Clinic and postal services are popular in the UK, carrying out 92% of tests32 and providing counselling, partner notification and free condoms. Clinics also offer additional specialist services, for example, hepatitis screening and harm reduction. These services are not provided by the VM itself but by a link to online services and the clinic is provided through a QR code. A literature review investigated how decentralised services pose a safeguarding risk as social factors (such as domestic violence) cannot be identified, unlike in clinic.33 This emphasises the role of VMs as an adjunct to testing, rather than a mechanism to replace the entire pathway.

This is the first study to discuss feasibility from a community stakeholder perspective and the feedback is encouraging, with room for improvement regarding the technical aspects. All stakeholders felt comfortable engaging with customers to discuss the VM and the aim to improve testing access. It was acknowledged that the VM presence encouraged positive conversation, which is useful in reducing stigma. Therefore, the stakeholders act as community champions to empower individuals, a role that is recognised globally as a successful mechanism in bridging a gap to connect community members, particularly from disadvantaged backgrounds.34

It was encouraging to see how the HCP stakeholder recognised that the VM was able to ease resources at the GP surgery, giving patients earlier access to testing. Despite this, there were concerns about sustainability of scale-up from an SRH staff perspective (packing kits, VM restocking) which would need to be explored prior to substantial expansion, including to other healthcare facilities, such as the emergency department.
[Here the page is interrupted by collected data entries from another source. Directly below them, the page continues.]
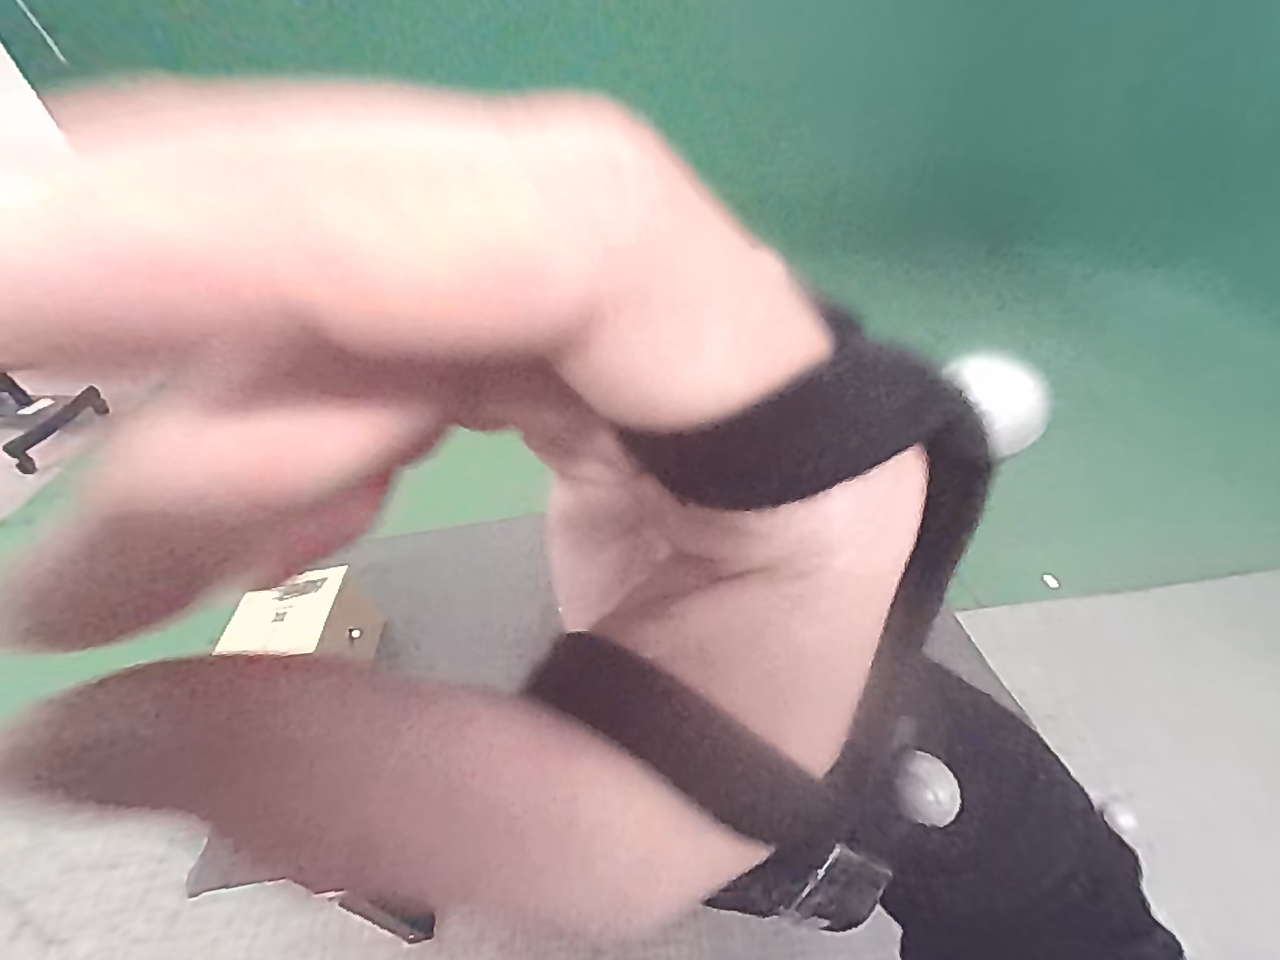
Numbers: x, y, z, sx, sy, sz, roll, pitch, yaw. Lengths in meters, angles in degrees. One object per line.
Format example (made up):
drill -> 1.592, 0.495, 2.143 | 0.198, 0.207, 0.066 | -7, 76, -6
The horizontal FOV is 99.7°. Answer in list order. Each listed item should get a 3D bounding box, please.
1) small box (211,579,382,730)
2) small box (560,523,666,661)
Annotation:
small box -> -0.570, 0.299, 0.930 | 0.168, 0.176, 0.179 | -8, 41, -2
small box -> -0.049, 0.206, 0.971 | 0.168, 0.176, 0.179 | -8, 39, -3
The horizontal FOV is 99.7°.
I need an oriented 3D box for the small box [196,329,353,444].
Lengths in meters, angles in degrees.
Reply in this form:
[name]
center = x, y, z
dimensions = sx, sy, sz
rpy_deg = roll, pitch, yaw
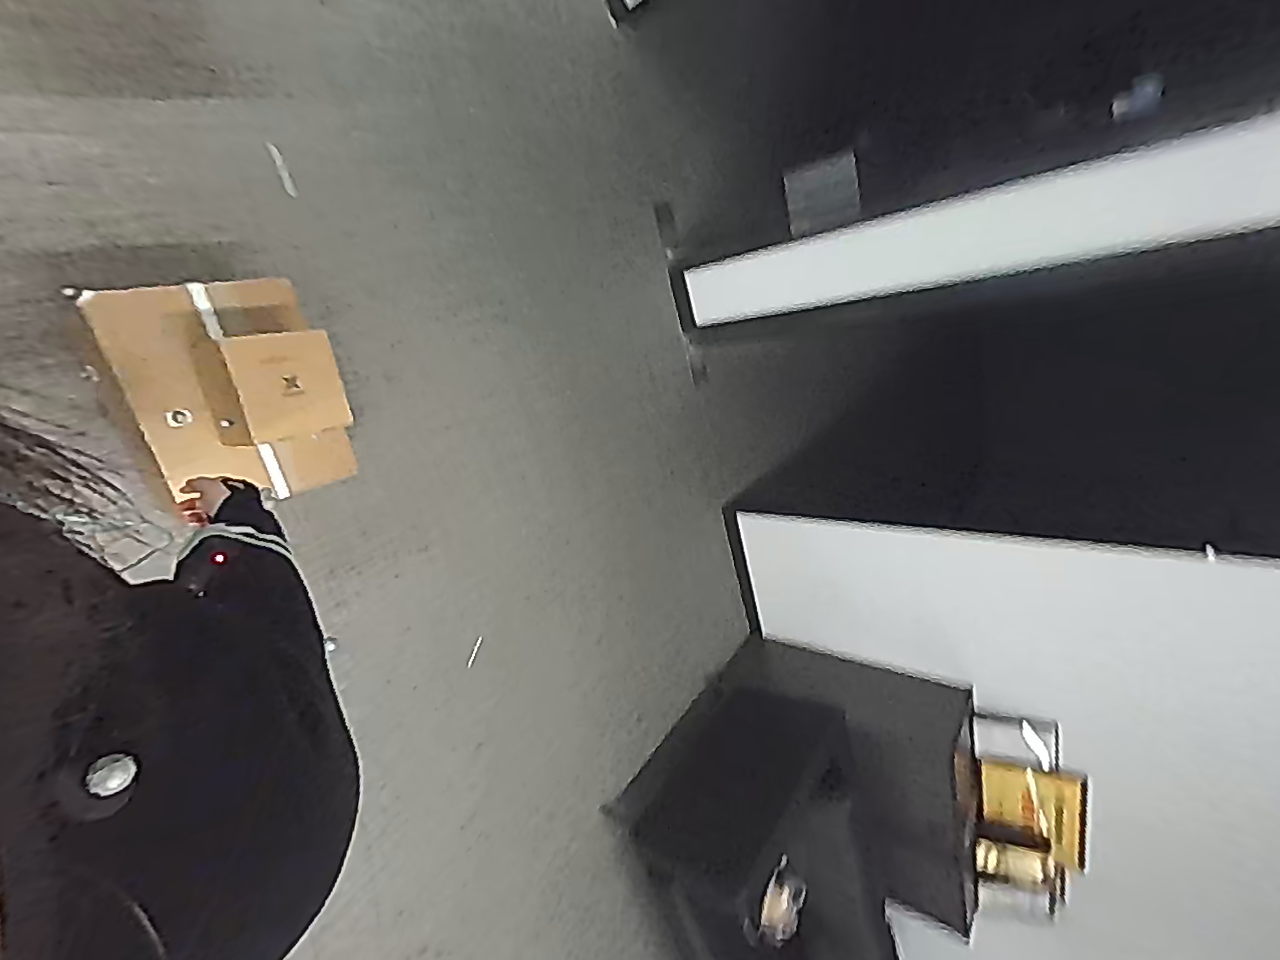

There are further limitations of this study. First, those who did not use the VM (eg, intervention is not acceptable to them or they did not have sufficient digital literacy) were not incorporated into this study. It would be essential to get the views of this population prior to expanding this service to optimise improving access. Additionally, the VM did not capture what proportion of participants are transgender and also was not accessible to those under 18, both of which are priority groups and could represent an important focus for future research. Finally, the interview uptake overall was low and included fewer heterosexual and never testers than the overall VM users so therefore not necessarily representative and generalisability may be limited.

Conclusion

This study aimed to explore acceptability of VMs to distribute HIVST and STISS kits from the service user and stakeholder perspective. There are gaps in testing provision which prevent timely diagnosis and treatment. These gaps have historically affected ‘high-risk’ groups but now the shifting demographic means testing strategies to improve access are imperative.

The role of a VM to codistribute HIVST and STISS kits is encouraging with confidentiality and immediate access as the main benefits. More education concerning the HIVST mouth swab is required to counter concerns. From a stakeholder perspective, the pathway is beneficial and the role of community champions to reduce stigma is encouraging.

Further work on operational sustainability with scale-up and targeted focus groups for those who approach the machine and do not use it, as well as heterosexuals, never testers and disabled people to discuss accessibility, are recommended.